In early-stage companies, time often becomes the most constrained resource. Founders and engineering teams must move quickly to build products, reach customers, and refine their offerings. Yet a significant portion of that time can be spent on infrastructure tasks that sit behind the scenes. According to a report, application development accounted for just 16% of developers’ time, meaning the majority of their work was spent on operational and supporting tasks rather than writing code. Against that backdrop, database management has become one of the areas where engineering hours quietly accumulate.
Jacob Blankenship, founder of RogueDB, believes this is where many startups lose momentum. “When teams look back at how their engineers spend time, database management can take a surprising share of it,” he explains. “Our focus has been simple. If we can give those hours back, engineers can spend them building their products instead of maintaining infrastructure.”

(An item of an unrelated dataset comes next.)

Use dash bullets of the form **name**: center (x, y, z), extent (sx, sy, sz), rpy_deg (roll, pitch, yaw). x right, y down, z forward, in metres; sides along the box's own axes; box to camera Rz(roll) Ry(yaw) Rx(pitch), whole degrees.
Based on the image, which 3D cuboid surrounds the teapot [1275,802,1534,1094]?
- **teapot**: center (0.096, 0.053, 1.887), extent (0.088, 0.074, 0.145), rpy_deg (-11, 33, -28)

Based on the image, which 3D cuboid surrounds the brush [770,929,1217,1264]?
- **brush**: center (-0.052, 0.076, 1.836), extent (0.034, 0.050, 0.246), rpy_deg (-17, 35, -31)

RogueDB is a fully managed database platform designed to handle the core responsibilities traditionally associated with data infrastructure. The system manages performance, scaling, and security within the platform itself, while allowing developers to interact with the database through a simplified API. According to Blankenship, the goal is to reduce the operational overhead that many development teams encounter as their applications grow.

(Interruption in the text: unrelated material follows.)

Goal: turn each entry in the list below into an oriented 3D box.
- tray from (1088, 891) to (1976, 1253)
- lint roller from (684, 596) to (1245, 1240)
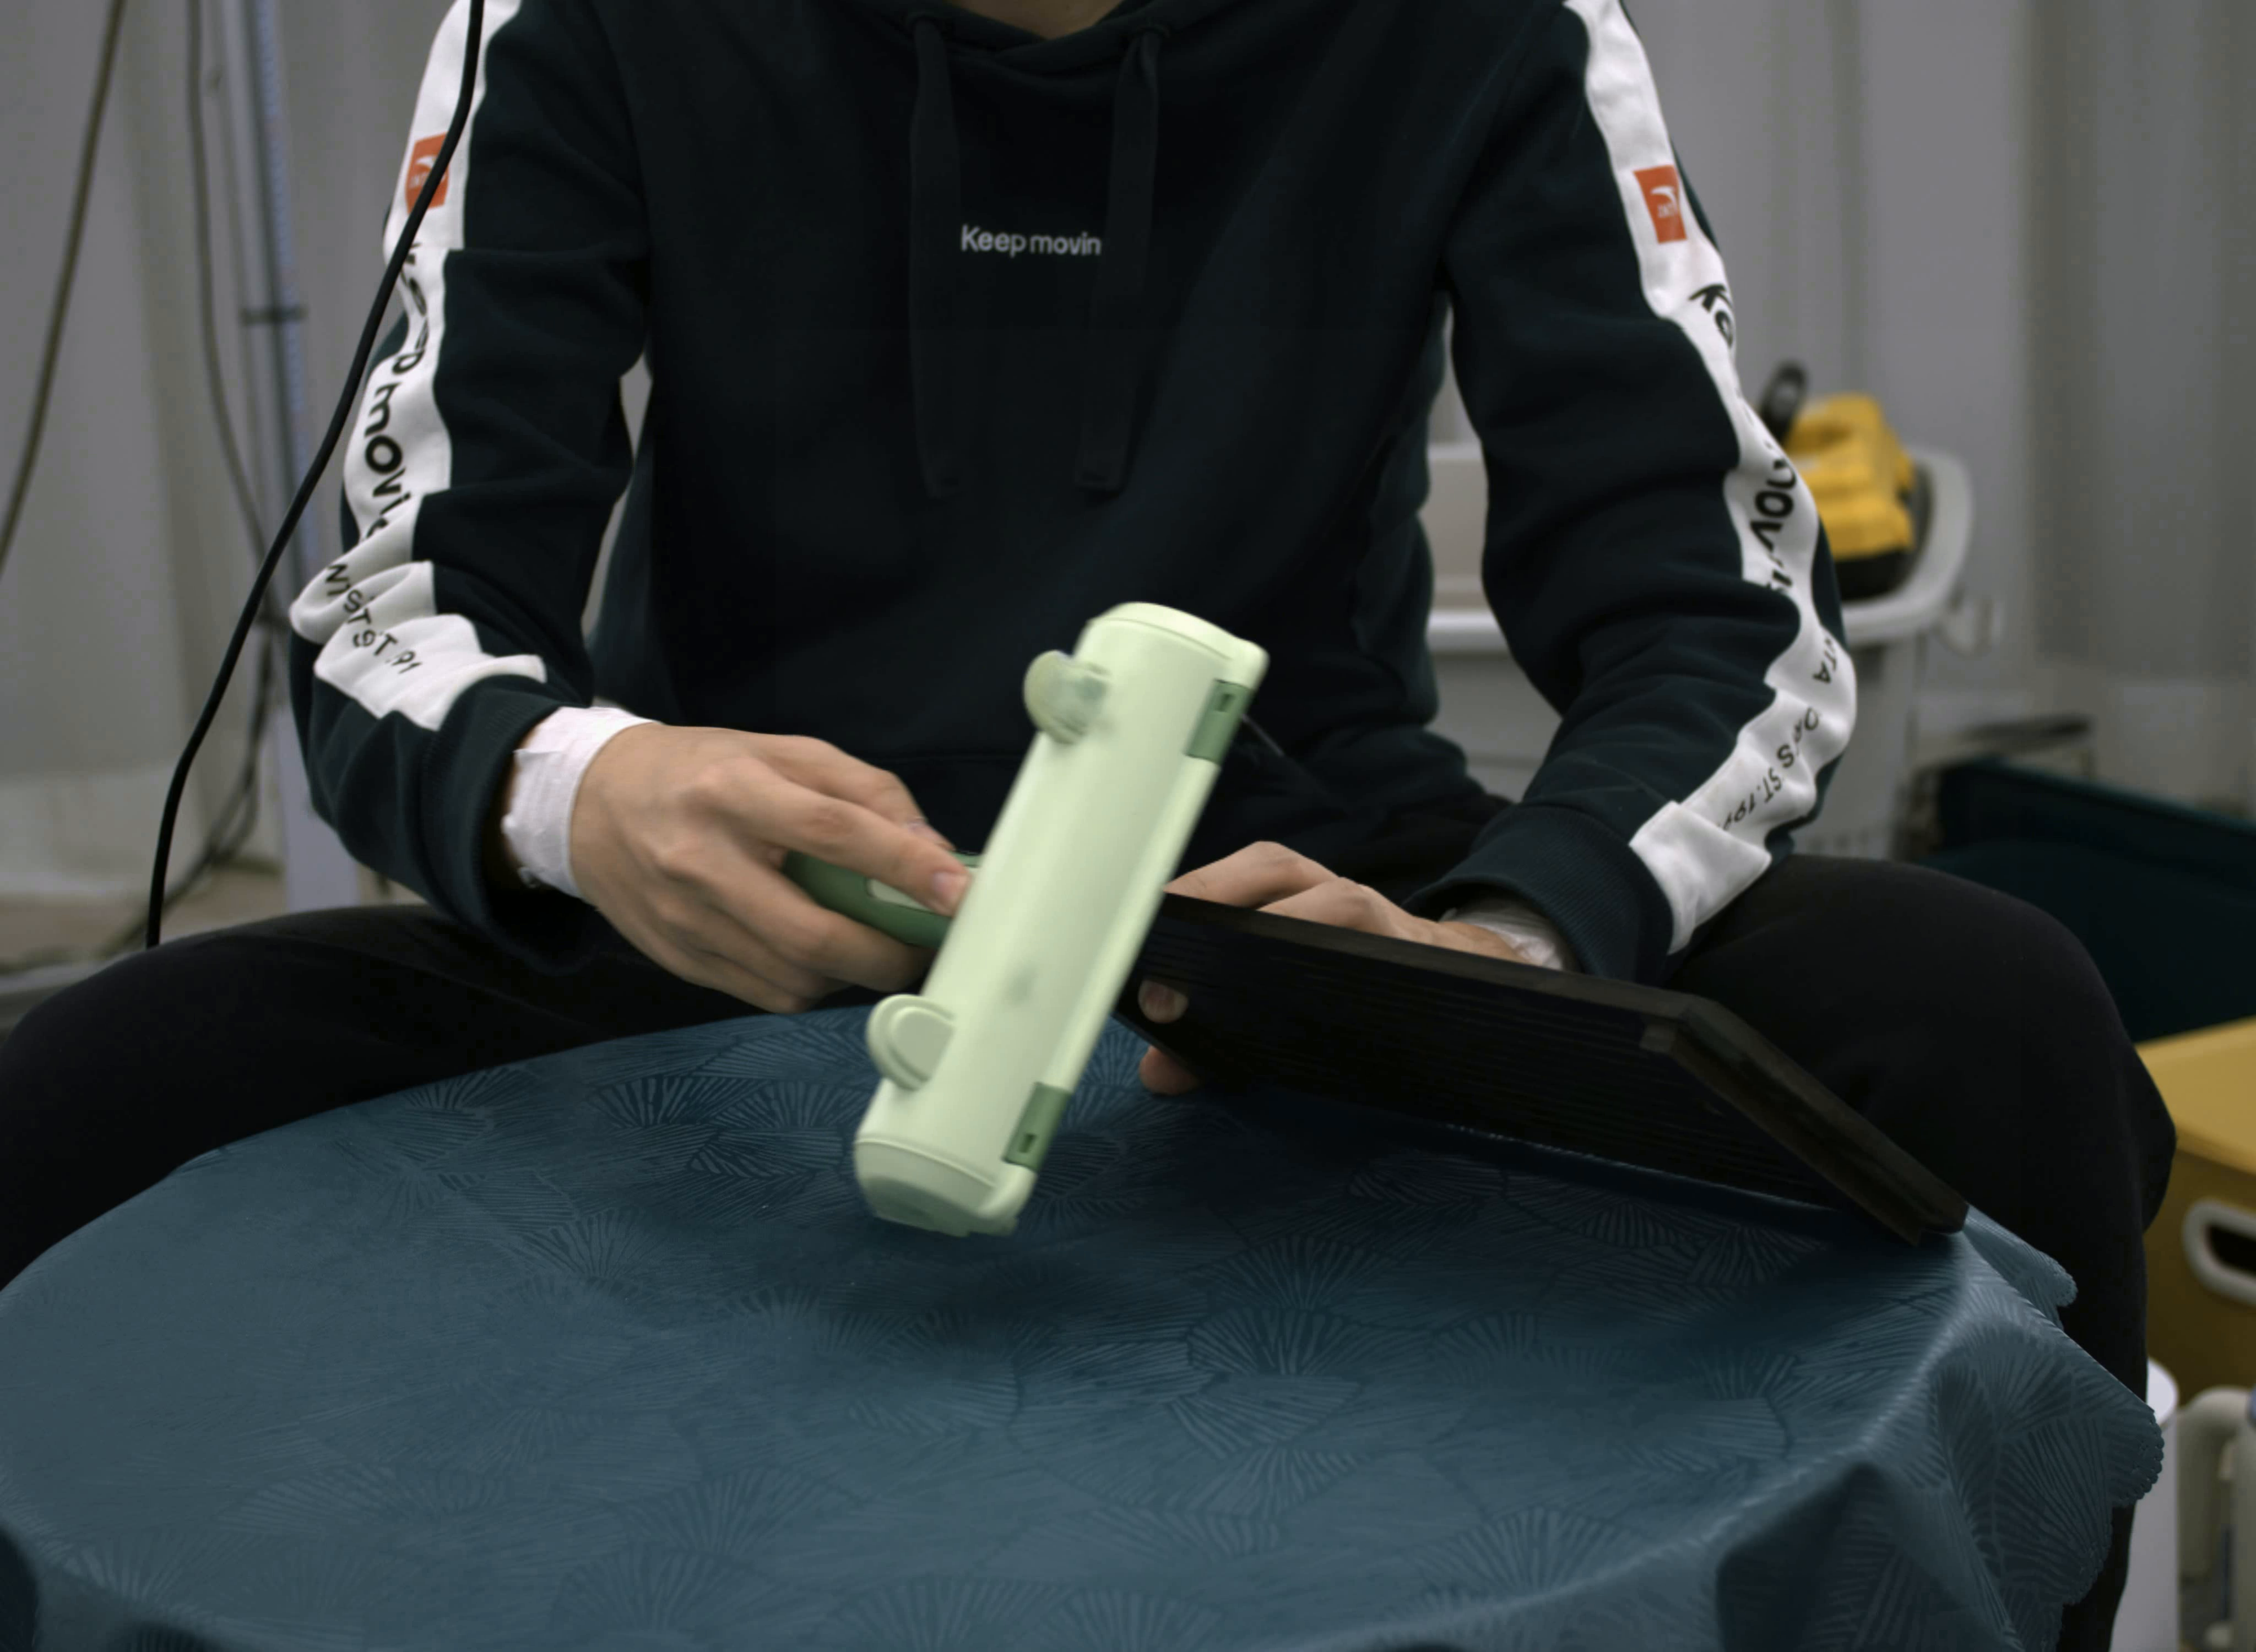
[{"bbox_3d":[0.094,0.070,1.664,0.307,0.019,0.168,10,-18,41],"label":"tray"},{"bbox_3d":[-0.074,0.013,1.646,0.184,0.200,0.081,12,-21,32],"label":"lint roller"}]

The challenge, he explains, often begins with the way databases are typically deployed. Many teams either configure and maintain their own database infrastructure or adopt a managed platform that still requires ongoing tuning and configuration. Both paths can place a significant workload on engineering teams.
Blankenship notes that even experienced engineers may spend weeks or months configuring infrastructure and troubleshooting performance. “Setting up a database environment can take a considerable amount of time,” he says. “And even after the initial set-up, there are still ongoing responsibilities for maintaining the performance, security, and preparing the system for scale.”
RogueDB attempts to simplify that process by removing several traditional steps. According to Blankenship, the platform operates through a purely API-driven architecture rather than relying on conventional SQL-based interaction. From his perspective, this approach reflects a shift in how modern applications integrate data systems.
“There has been an assumption for decades that a serious database requires SQL and extensive configuration,” he says. “We designed RogueDB to show that a database can be integrated directly through an API with zero configuration and still deliver strong performance and security.”
According to Blankenship, that design in practice means developers interact with the database through programmatic calls rather than managing configuration layers themselves. He explains that the platform is structured so that security and performance are embedded into the core design. “Our philosophy is there should only be one way to use the system: the secure way,” he says.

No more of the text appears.